>>

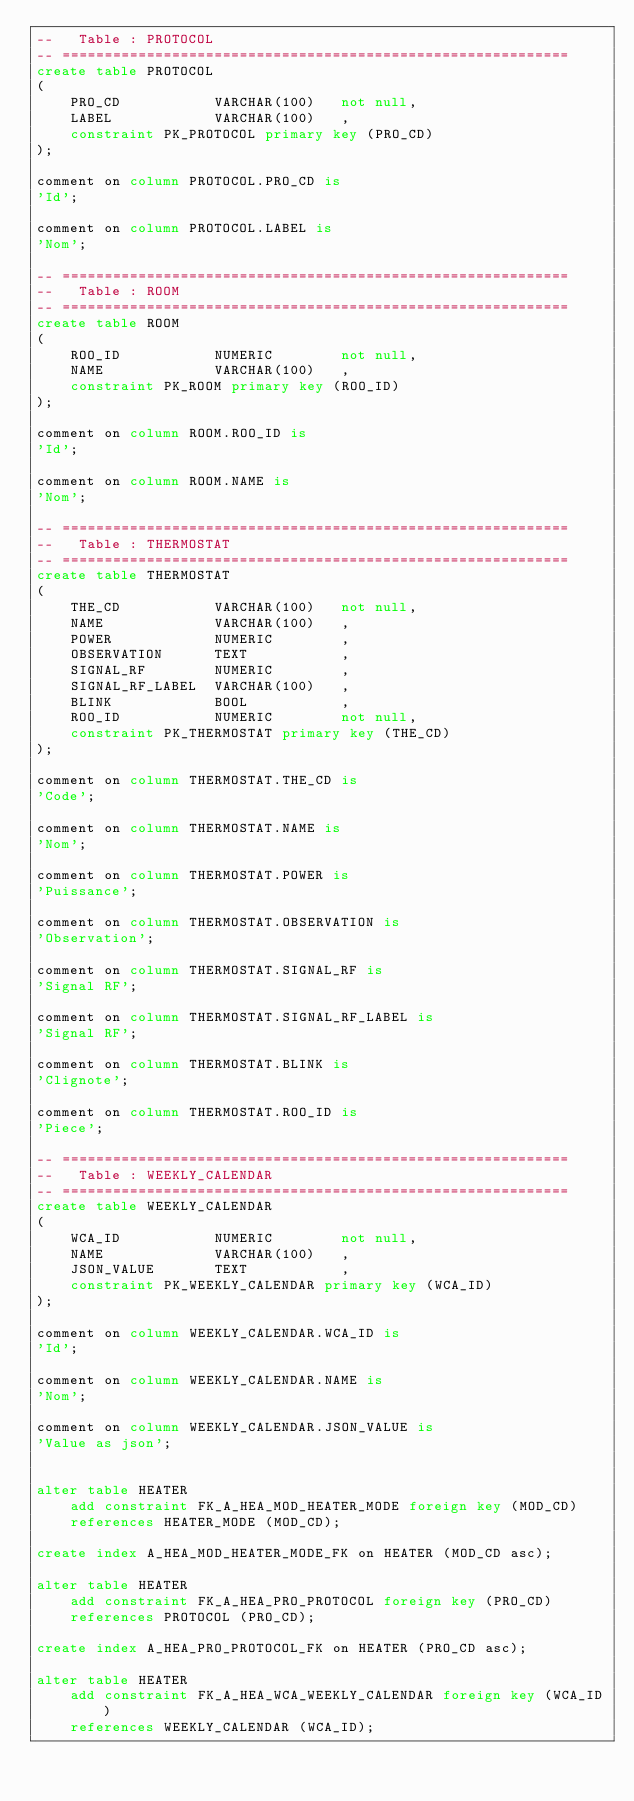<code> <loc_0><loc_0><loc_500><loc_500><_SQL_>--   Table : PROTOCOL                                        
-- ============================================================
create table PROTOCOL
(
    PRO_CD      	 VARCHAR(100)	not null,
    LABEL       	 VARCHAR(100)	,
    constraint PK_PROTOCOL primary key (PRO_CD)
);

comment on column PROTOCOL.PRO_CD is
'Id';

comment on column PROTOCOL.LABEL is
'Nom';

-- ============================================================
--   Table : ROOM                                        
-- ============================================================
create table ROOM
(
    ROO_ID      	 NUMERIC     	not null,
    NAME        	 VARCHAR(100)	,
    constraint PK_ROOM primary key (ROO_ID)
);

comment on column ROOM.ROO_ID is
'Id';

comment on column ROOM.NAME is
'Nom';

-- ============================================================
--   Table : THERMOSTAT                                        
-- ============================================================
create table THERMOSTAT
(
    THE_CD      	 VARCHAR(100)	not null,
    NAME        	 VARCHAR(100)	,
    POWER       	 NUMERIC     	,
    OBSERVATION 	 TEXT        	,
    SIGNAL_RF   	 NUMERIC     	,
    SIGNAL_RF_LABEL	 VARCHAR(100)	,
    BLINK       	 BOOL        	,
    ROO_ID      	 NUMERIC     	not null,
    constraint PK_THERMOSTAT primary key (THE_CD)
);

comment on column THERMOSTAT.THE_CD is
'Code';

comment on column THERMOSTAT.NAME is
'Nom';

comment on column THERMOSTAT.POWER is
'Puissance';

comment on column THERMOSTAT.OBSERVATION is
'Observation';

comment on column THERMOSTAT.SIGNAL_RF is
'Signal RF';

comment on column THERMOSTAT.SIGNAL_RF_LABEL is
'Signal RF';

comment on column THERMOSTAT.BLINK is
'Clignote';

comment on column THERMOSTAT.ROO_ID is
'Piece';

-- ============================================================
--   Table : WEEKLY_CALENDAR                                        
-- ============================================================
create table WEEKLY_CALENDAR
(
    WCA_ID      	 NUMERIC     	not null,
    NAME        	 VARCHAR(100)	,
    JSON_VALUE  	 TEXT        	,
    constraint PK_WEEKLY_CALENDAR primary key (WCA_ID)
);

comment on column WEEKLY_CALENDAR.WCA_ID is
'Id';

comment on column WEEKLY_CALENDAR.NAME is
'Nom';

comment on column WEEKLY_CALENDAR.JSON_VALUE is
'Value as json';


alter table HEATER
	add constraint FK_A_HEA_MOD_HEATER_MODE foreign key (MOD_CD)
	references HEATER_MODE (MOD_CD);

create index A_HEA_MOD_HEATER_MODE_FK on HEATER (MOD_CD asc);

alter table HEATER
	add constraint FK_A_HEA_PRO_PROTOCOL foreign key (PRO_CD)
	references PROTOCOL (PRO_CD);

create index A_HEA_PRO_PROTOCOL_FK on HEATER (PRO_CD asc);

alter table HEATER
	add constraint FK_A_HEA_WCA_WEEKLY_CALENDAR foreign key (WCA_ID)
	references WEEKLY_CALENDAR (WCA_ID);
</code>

<<
>>

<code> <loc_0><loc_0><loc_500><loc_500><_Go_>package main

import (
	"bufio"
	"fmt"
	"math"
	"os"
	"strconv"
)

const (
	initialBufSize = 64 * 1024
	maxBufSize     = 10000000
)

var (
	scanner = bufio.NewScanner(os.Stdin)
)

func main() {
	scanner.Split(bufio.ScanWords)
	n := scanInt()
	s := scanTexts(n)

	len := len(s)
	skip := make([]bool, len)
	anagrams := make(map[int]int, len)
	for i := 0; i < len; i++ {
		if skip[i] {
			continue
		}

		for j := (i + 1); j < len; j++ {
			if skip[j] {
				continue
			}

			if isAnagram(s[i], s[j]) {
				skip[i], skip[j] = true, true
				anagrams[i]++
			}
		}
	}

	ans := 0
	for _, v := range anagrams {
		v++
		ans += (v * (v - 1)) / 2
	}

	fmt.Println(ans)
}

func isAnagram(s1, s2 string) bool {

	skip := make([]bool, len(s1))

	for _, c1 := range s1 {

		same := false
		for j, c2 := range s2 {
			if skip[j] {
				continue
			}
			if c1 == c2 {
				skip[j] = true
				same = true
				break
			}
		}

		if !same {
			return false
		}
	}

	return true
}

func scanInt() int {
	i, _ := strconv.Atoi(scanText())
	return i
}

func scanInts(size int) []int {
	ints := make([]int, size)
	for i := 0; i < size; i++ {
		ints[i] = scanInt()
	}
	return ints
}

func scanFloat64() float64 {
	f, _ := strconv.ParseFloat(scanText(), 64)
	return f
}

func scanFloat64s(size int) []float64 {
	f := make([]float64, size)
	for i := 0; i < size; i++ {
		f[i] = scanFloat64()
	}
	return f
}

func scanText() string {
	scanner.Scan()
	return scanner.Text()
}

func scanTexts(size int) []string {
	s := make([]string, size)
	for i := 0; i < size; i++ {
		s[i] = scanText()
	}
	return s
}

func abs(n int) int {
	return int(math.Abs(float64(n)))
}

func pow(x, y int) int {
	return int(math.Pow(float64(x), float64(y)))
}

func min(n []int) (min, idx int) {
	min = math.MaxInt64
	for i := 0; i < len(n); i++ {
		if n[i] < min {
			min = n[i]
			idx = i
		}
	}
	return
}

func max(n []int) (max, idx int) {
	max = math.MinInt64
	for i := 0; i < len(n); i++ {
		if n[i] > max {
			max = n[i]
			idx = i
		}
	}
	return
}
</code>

<<

Return from the data every line that holds "func".

func main() {
func isAnagram(s1, s2 string) bool {
func scanInt() int {
func scanInts(size int) []int {
func scanFloat64() float64 {
func scanFloat64s(size int) []float64 {
func scanText() string {
func scanTexts(size int) []string {
func abs(n int) int {
func pow(x, y int) int {
func min(n []int) (min, idx int) {
func max(n []int) (max, idx int) {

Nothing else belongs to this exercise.